WORK REQUIRED
Please repeat only the lines below starting at the line that holds "Why are the lights on at this ski resort?" and ending at the line that holds "b \, \underset", exactly, with both of those lines included and every picture omitted.

[[ RECORDS FOR THE TASK, beginning ]]

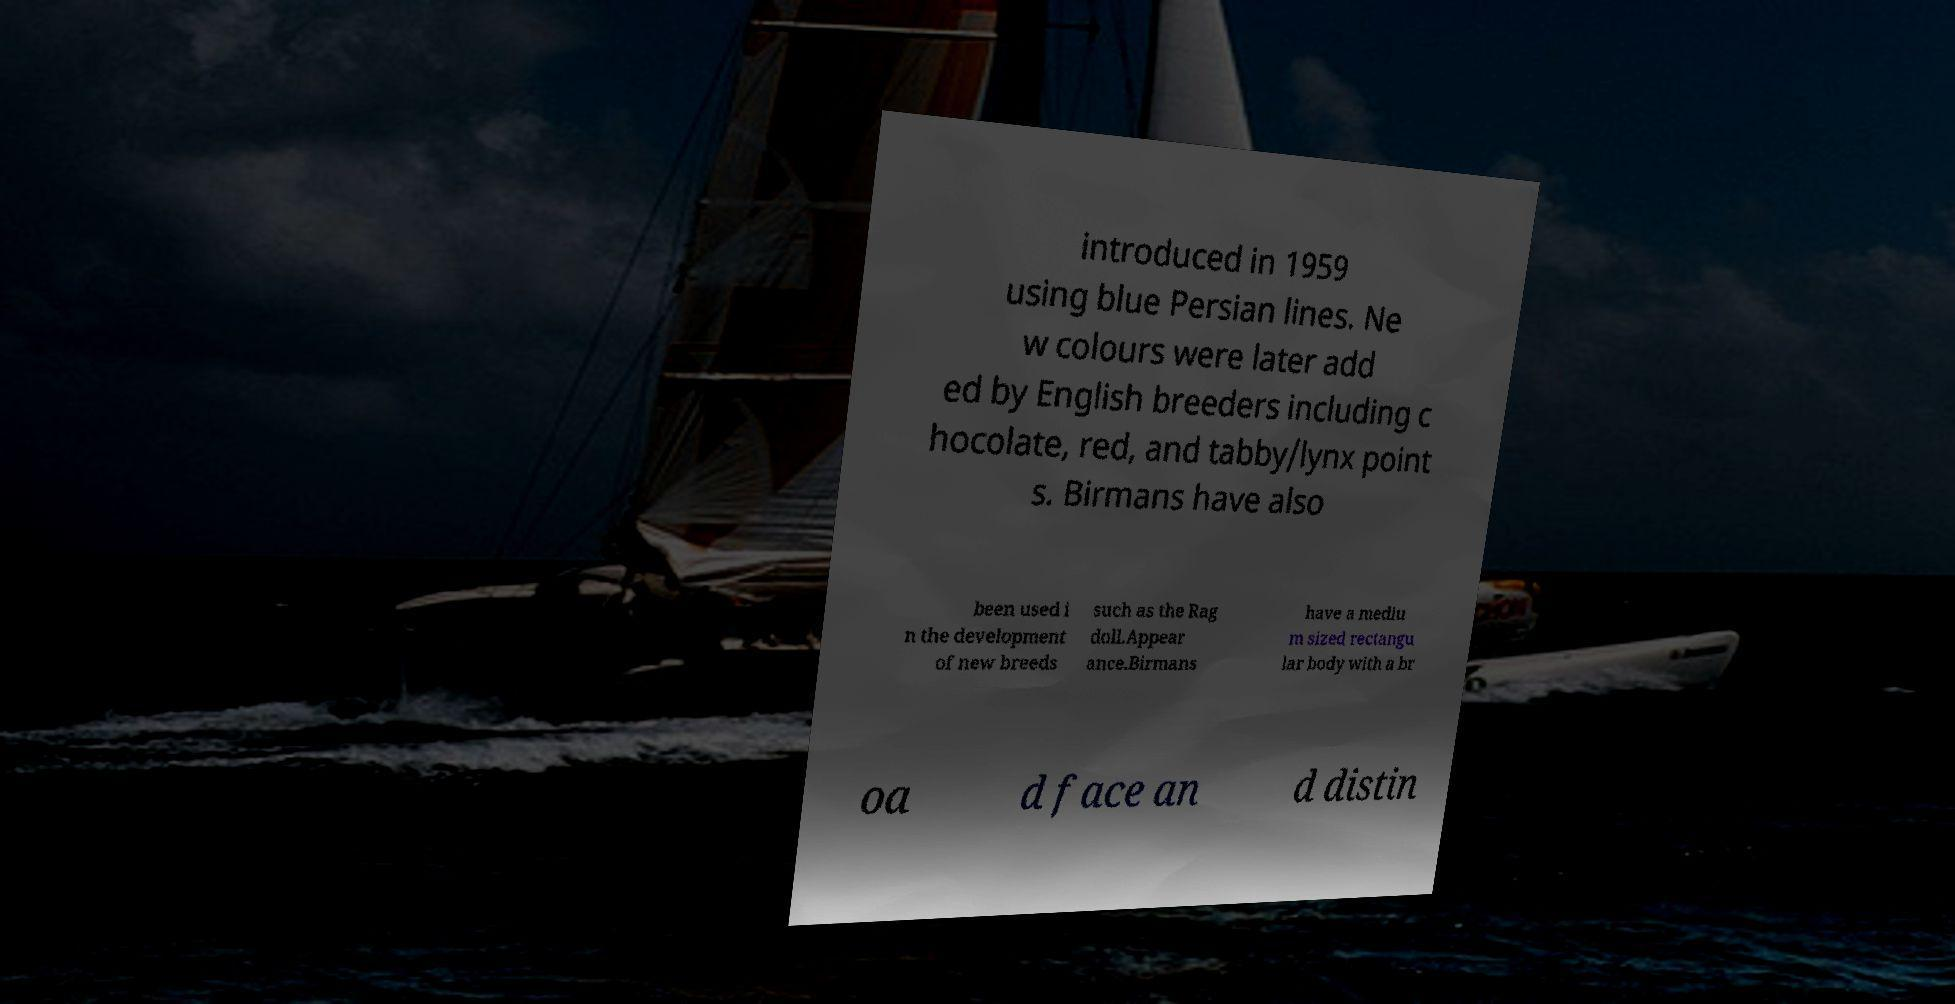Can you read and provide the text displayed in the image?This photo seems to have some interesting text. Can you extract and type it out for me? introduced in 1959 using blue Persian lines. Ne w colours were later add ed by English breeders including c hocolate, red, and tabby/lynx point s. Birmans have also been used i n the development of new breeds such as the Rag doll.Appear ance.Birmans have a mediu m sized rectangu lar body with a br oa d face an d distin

[[ RECORDS FOR THE TASK, end ]]
[[ RECORDS FOR THE TASK, beginning ]]

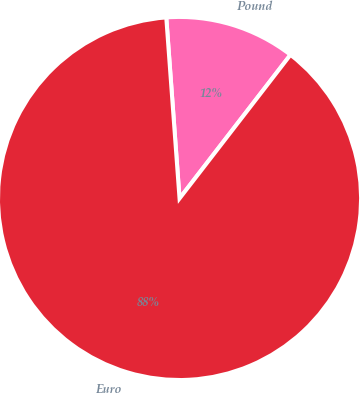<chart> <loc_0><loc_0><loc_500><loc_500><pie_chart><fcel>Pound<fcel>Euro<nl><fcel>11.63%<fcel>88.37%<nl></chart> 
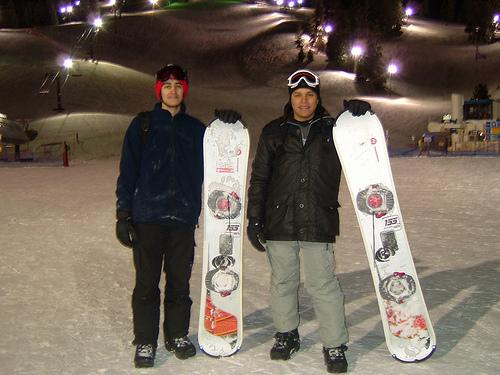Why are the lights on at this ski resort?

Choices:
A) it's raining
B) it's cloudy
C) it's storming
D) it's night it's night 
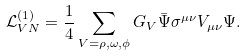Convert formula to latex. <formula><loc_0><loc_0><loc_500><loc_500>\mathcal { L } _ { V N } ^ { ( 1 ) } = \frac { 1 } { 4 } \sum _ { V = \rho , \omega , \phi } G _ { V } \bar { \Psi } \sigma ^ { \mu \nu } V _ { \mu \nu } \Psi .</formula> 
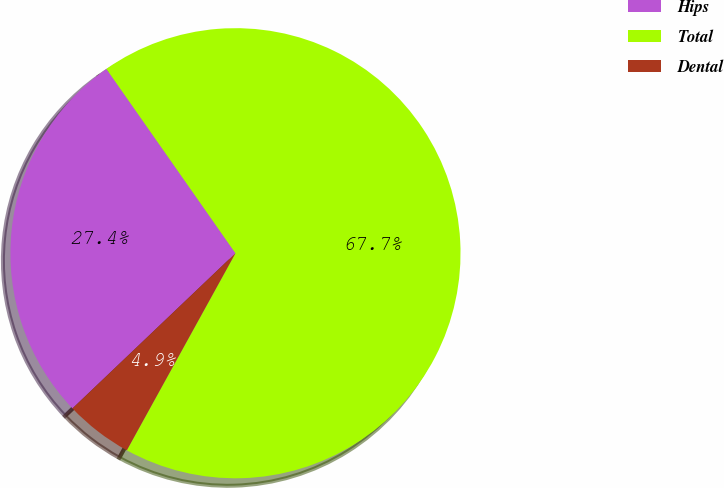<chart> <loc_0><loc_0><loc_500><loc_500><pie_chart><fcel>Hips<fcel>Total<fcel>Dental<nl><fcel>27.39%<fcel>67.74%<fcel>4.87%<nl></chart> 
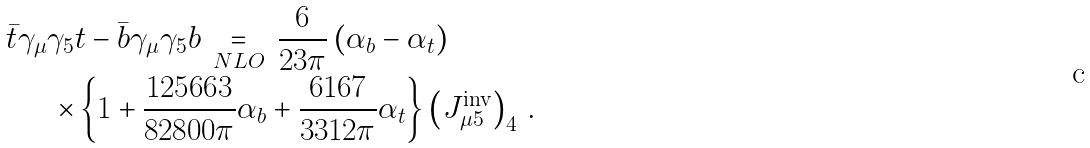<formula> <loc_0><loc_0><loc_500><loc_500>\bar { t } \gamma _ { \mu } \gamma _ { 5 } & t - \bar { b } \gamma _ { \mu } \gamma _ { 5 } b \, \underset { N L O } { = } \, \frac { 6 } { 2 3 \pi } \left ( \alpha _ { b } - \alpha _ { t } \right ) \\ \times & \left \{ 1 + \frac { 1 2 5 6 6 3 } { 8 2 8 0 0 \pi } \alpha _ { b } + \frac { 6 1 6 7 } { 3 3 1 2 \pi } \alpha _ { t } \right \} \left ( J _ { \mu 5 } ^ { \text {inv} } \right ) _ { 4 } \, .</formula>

[[ RECORDS FOR THE TASK, end ]]
[[ RECORDS FOR THE TASK, beginning ]]

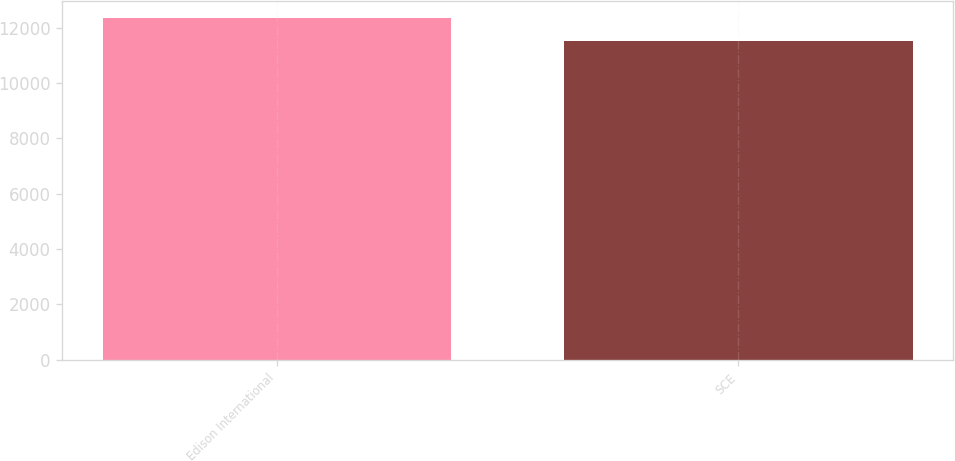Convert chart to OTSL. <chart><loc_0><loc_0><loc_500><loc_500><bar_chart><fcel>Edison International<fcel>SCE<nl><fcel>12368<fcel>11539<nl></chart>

[[ RECORDS FOR THE TASK, end ]]

RESPONSE AREA
Why are the lights on at this ski resort?

Choices:
A) it's raining
B) it's cloudy
C) it's storming
D) it's night it's night 
Convert formula to latex. <formula><loc_0><loc_0><loc_500><loc_500>\mathcal { L } _ { V N } ^ { ( 1 ) } = \frac { 1 } { 4 } \sum _ { V = \rho , \omega , \phi } G _ { V } \bar { \Psi } \sigma ^ { \mu \nu } V _ { \mu \nu } \Psi .</formula> 
<chart> <loc_0><loc_0><loc_500><loc_500><pie_chart><fcel>Hips<fcel>Total<fcel>Dental<nl><fcel>27.39%<fcel>67.74%<fcel>4.87%<nl></chart> 
<formula> <loc_0><loc_0><loc_500><loc_500>\bar { t } \gamma _ { \mu } \gamma _ { 5 } & t - \bar { b } \gamma _ { \mu } \gamma _ { 5 } b \, \underset { N L O } { = } \, \frac { 6 } { 2 3 \pi } \left ( \alpha _ { b } - \alpha _ { t } \right ) \\ \times & \left \{ 1 + \frac { 1 2 5 6 6 3 } { 8 2 8 0 0 \pi } \alpha _ { b } + \frac { 6 1 6 7 } { 3 3 1 2 \pi } \alpha _ { t } \right \} \left ( J _ { \mu 5 } ^ { \text {inv} } \right ) _ { 4 } \, .</formula>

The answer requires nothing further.